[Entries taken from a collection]
/---

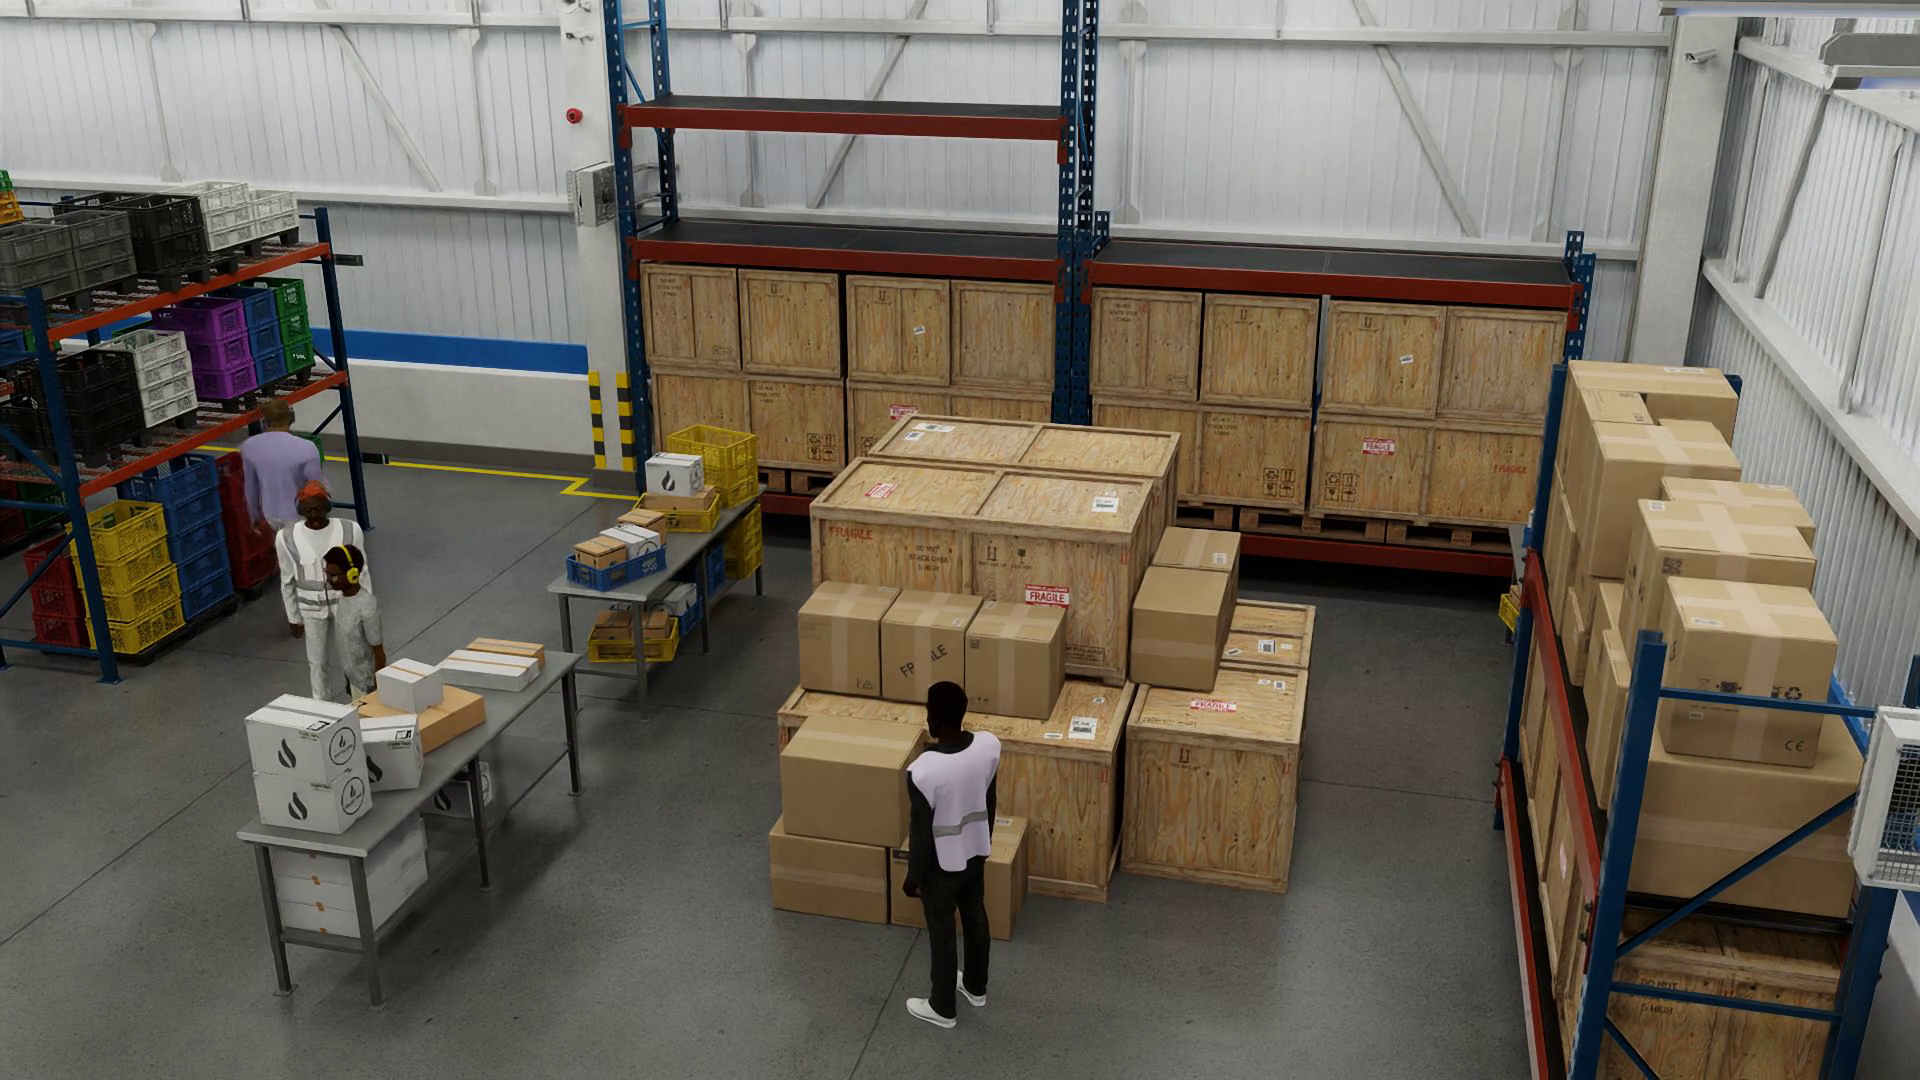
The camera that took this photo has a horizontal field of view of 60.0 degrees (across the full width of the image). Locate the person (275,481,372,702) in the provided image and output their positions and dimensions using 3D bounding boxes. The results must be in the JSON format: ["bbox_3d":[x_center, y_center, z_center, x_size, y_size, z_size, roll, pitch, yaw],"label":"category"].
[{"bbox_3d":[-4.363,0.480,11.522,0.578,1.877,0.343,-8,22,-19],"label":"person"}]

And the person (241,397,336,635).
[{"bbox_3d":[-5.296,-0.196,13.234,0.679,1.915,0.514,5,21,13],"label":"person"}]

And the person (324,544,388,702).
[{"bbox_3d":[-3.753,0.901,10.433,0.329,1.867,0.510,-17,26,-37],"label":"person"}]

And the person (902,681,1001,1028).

\---

What is required
Reproduce exactly what appears from the line containing "And the person (241,397,336,635)." down to the final line of the data.

Written reply
And the person (241,397,336,635).
[{"bbox_3d":[-5.296,-0.196,13.234,0.679,1.915,0.514,5,21,13],"label":"person"}]

And the person (324,544,388,702).
[{"bbox_3d":[-3.753,0.901,10.433,0.329,1.867,0.510,-17,26,-37],"label":"person"}]

And the person (902,681,1001,1028).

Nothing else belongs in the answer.